January 24, 2019

Complex Magnets

Measured spin-resolved Fermi surface of fcc cobalt. Spin-resolved photoemission intensities in selected sections through the three-dimensional Fermi surface of 18 ML Co/Cu(100) measured at photon energies of hv = 85 eV (a), hv = 70 eV (b), and hv = 50 eV (c). (d) The fcc Brillouin zone together with the corresponding cuts sampled by (a)–(c). According to the 2D colour code at the lower right, red and blue intensities correspond to majority and minority electronic states 1.

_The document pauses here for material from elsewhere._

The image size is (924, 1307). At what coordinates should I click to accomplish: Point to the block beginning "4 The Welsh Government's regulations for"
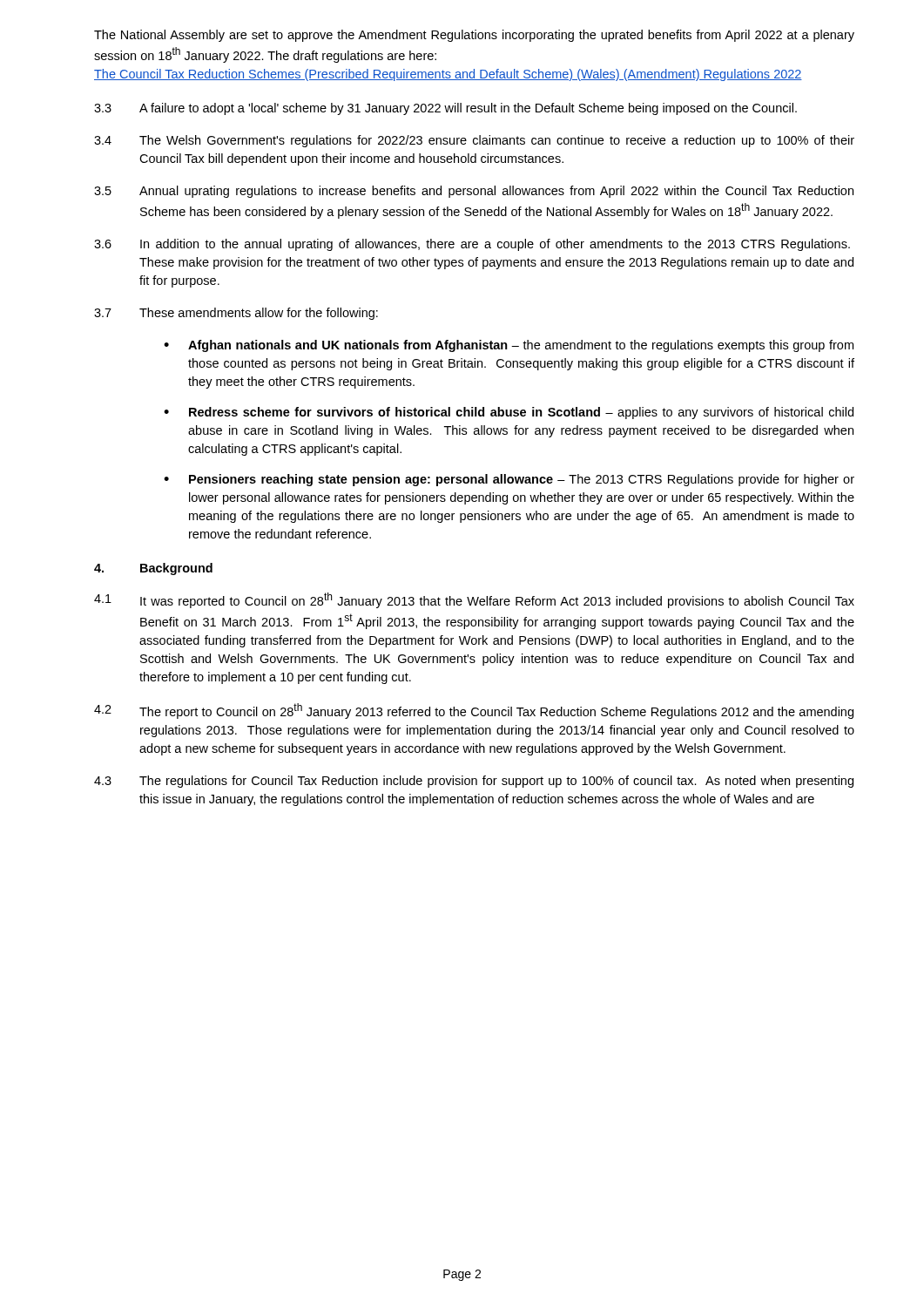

The fundamental understanding of ferromagnetism is crucial to the emergent field of spintronics. Our group tackles the challenge by probing the band structures of ferromagnetic materials which have been the most direct method to explain properties in materials. Recently, our group studied the hitherto unknown non-local electron correlation in an itinerant ferromagnet. Contrary to the assumption of most theoretical models, we demonstrated that non-local electron correlations needed to be taken into account in the manifestation of complex self energy in electronic structure of ferromagnets 1.  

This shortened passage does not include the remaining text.